The rights of Wembanyama's games sold to the NBA for 133,000 euros

The rights of Wembanyama’s games sold to the NBA for 133,000 euros



By Aris Barkas/ barkas@eurohoops.net

In an almost shocking revelation, the NBA is paying just 133,000 euros in order to stream the games of Victor Wembanyama via NBA TV all over the world with the exception of France.

“A sum that seems derisory compared to the budget of the NBA”underlined Wembanyama’s club, Metropolitans 92, which asked according to the French newspaper “Le Parisien” at least a part of this sum to be given to them and not be distributed to the rest of the French league.

“The League claims to sell the rights for the French championship but if we look closely, the NBA only communicates about Victor”, explains Alain Bouvard, the president of the Mets, that “Le Parisien”. “The League plays with the words. We were not even kept informed of the negotiations. We just want to be respected. We are not the only ones asking the question, it interests other clubs. This is why we made a request to the League’s Steering Committee”.

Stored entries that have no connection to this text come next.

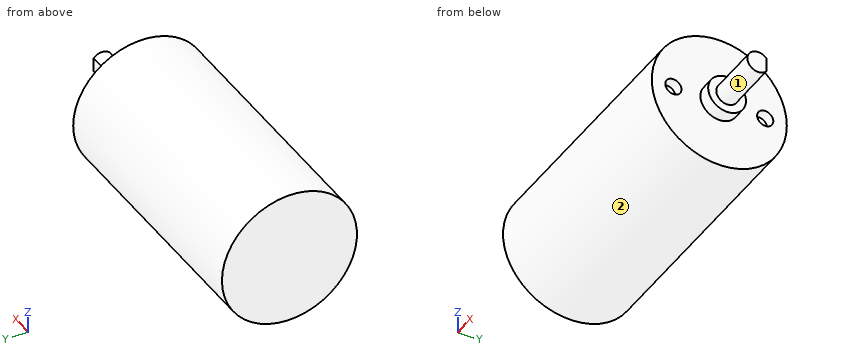
Autodesk Inventor part; units mm, degrees
ref_plane "YZ Plane" through (0, 0, 0) normal (1, 0, 0) x (0, 1, 0)
ref_plane "XZ Plane" through (0, 0, 0) normal (0, 1, 0) x (-1, 0, 0)
ref_plane "XY Plane" through (0, 0, 0) normal (0, 0, 1) x (1, 0, 0)
sketch "Sketch1" plane through (0, 0, 0) normal (1, 0, 0) x (0, 1, 0)
  circle A0 centre (0, 0) radius 12.5
  dimension "d0" = 25
extrude "Extrusion1" add sketch "Sketch1" along normal blind 47.8
sketch "Sketch2" plane through (47.8, 0, 0) normal (1, 0, 0) x (0, 0, -1)
  circle A0 centre (0, -8.5) radius 1.5
  circle A1 centre (0, 8.5) radius 1.5
  circle A2 centre (0, 0) radius 3.5
  dimension "d4" = 3
  dimension "d5" = 7
extrude "Extrusion2" add sketch "Sketch2" along normal blind 2.5 contours A2
extrude "Extrusion3" cut sketch "Sketch2" against normal blind 2 contours A0 | A1
sketch "Sketch3" plane through (50.3, 0, 0) normal (1, 0, 0) x (0, 0, -1)
  circle A0 centre (0, 0) radius 2
  dimension "d10" = 4
extrude "Extrusion4" add sketch "Sketch3" along normal blind 10
sketch "Sketch4" plane through (60.3, 0, 0) normal (1, 0, 0) x (0, 0, -1)
  circle A0 centre (0, 0) radius 2
  line L0 (0, -2) -> (0, 1.5)
  line L1 (0, 1.5) -> (1.3229, 1.5)
  line L2 (-1.3229, 1.5) -> (0, 1.5)
  arc A1 (1.3229, 1.5) -> (-1.3229, 1.5) centre (0, 0) ccw
  dimension "d13" = 3.5
extrude "Extrusion5" cut sketch "Sketch4" against normal blind 8 contours L1 L2 A0
properties part number "small motor"
Part model, mm, in its own coordinate system. Face numbers are marked on the shaded views. A direction names the side the tool comes from. Give positions to 0.01 mm unless a question says otherwise; leave off trailing zeros. Order: outer loops, then holes, each group sorted by start corner. A loop starts at its lowest first (then second) coordinate and runs counter-clockwise, first axis right, second up. Notation, with made-up numbers: (74.25, 11) - (125.25, 11) arc R12 ccw to (125.25, 19) - close; hole circle Ø8 at (38, 79). An arc over 180 degrees is marked (long way). Use a Markdown table: item, result.
1) Probe L1, parallel to X at y = 7.75, z = 9.75; L2, parallel to Y at x = 45.5, z = -0.5; L3, parallel to Z at x = 21.5, y = 8. List the from-to ranges inside material, lowest first. Write a range as from..to.
Checked values:
| item | result |
|---|---|
| L1 | 0..47.8 |
| L2 | -12.49..12.49 |
| L3 | -9.6..9.6 |
2) Flat gauge pins, fed straight in: P1, Ø8, axis at x = 29, y = -8, coming from the +Z side; P2, Ø1.5, axis at x = 13.5, y = -9.5, coming from the -Z side; P3, Ø0.9, axis at y = 9, z = 0, coming from the +X side. Where does each tip first touch, or does it go through?
Checked values:
| item | result |
|---|---|
| P1 | z = 11.84 |
| P2 | z = -8.93 |
| P3 | x = 45.8 |
3) Saw through at D-D on y = 8.5. List the corners of the cut face in (x, z).
Checked values:
| item | result |
|---|---|
| outline | (0, -9.17) - (47.8, -9.17) - (47.8, -1.5) - (45.8, -1.5) - (45.8, 1.5) - (47.8, 1.5) - (47.8, 9.17) - (0, 9.17) - close |
4) Saw through at A-A on y = 0. List the corners of the cut face in (x, z), plus the area to 3 significant figures.
Checked values:
| item | result |
|---|---|
| outline | (0, -12.5) - (47.8, -12.5) - (47.8, -3.5) - (50.3, -3.5) - (50.3, -2) - (60.3, -2) - (60.3, 2) - (50.3, 2) - (50.3, 3.5) - (47.8, 3.5) - (47.8, 12.5) - (0, 12.5) - close |
| area | 1,250 mm² |
5) 3-axis set-ups, long thin cutter, end or side, ignore diameter. For the marked faces 1 and 2: which of +Z, -Z, +X, -X, +Y, -Y reach the whole face in a straight line?
Checked values:
| item | result |
|---|---|
| face 1 | +X |
| face 2 | +X, -X |
6) Saw through at C-C on x = 12.5. List the corners of the cut face in (y, z).
Checked values:
| item | result |
|---|---|
| outline | circle Ø25 at (0, 0) |
7) Saw through at B-B on z = 0. List the corners of the cut face in (x, y).
Checked values:
| item | result |
|---|---|
| outline | (0, -12.5) - (47.8, -12.5) - (47.8, -10) - (45.8, -10) - (45.8, -7) - (47.8, -7) - (47.8, -3.5) - (50.3, -3.5) - (50.3, -2) - (60.3, -2) - (60.3, 1.5) - (52.3, 1.5) - (52.3, 2) - (50.3, 2) - (50.3, 3.5) - (47.8, 3.5) - (47.8, 7) - (45.8, 7) - (45.8, 10) - (47.8, 10) - (47.8, 12.5) - (0, 12.5) - close |

The latter, meeting on November 4, rejected the request of the club as it was stated in a press release: “The members of the Steering Committee unanimously decided not to redistribute this financial contribution. This sum falls into the common pot of the LNB and part will be redistributed equally to the clubs, under marketing and TV rights, at the end of the season. The signed contract concerns a global transfer of the rights of the competitions to the NBA”.

However, the real story here lies in the price of 133,000 euros for the global streaming rights of a European championship that includes the top NBA prospect in the world and probably the most followed since LeBron.

Adrian Wojnarowski reported some time ago that an anonymous team president told him that drafting the French superstar could add up to $500 million to the value of a franchise.

Still, the rights of his last season before joining the NBA were valued at 133,000 euros, which is a great deal for the NBA, and one more European basketball failure to live up to its true potential.